REQUIREMENT → Copy the lines below exactly, starting at the one with "Answer the question" and ending at the one with "Can you read", and leave out any picture.
── PROVIDED MATERIAL
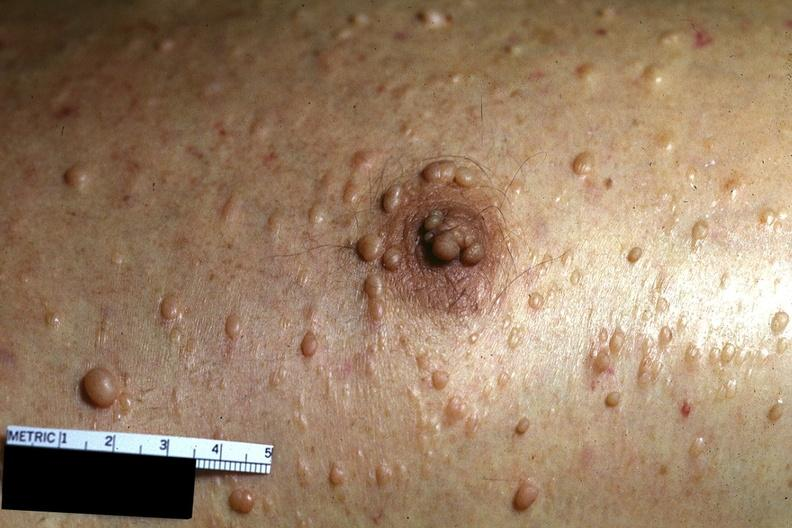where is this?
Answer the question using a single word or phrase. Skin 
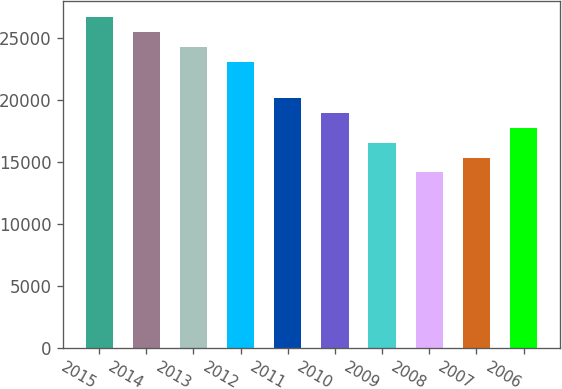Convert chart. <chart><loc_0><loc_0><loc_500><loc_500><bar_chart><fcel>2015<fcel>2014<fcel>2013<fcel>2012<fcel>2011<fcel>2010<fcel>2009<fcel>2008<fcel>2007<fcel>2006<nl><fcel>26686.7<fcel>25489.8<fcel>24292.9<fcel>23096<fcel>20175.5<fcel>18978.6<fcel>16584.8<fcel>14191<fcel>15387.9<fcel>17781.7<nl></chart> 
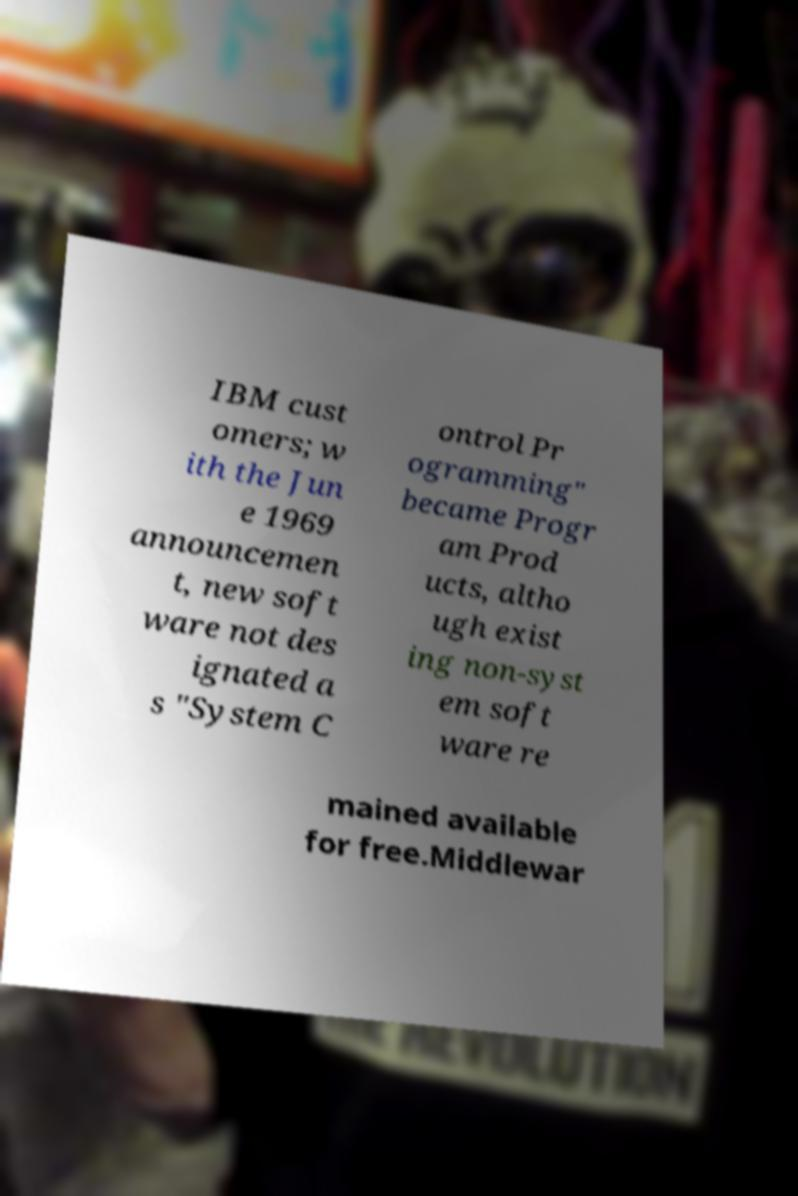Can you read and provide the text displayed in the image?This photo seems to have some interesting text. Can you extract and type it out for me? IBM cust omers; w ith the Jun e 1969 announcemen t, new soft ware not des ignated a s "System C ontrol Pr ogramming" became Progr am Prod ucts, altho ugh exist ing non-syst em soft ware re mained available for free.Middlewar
────
── PROVIDED MATERIAL
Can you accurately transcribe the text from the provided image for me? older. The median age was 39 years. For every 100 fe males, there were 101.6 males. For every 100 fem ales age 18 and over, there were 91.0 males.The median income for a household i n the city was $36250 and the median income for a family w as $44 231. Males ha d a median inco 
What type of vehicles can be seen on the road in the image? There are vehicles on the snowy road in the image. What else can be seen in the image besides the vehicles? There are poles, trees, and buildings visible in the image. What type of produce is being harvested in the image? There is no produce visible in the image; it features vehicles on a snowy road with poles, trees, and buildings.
────
WORKED SOLUTION →
Answer the question using a single word or phrase. Skin 
Convert chart. <chart><loc_0><loc_0><loc_500><loc_500><bar_chart><fcel>2015<fcel>2014<fcel>2013<fcel>2012<fcel>2011<fcel>2010<fcel>2009<fcel>2008<fcel>2007<fcel>2006<nl><fcel>26686.7<fcel>25489.8<fcel>24292.9<fcel>23096<fcel>20175.5<fcel>18978.6<fcel>16584.8<fcel>14191<fcel>15387.9<fcel>17781.7<nl></chart> 
Can you read and provide the text displayed in the image?This photo seems to have some interesting text. Can you extract and type it out for me? IBM cust omers; w ith the Jun e 1969 announcemen t, new soft ware not des ignated a s "System C ontrol Pr ogramming" became Progr am Prod ucts, altho ugh exist ing non-syst em soft ware re mained available for free.Middlewar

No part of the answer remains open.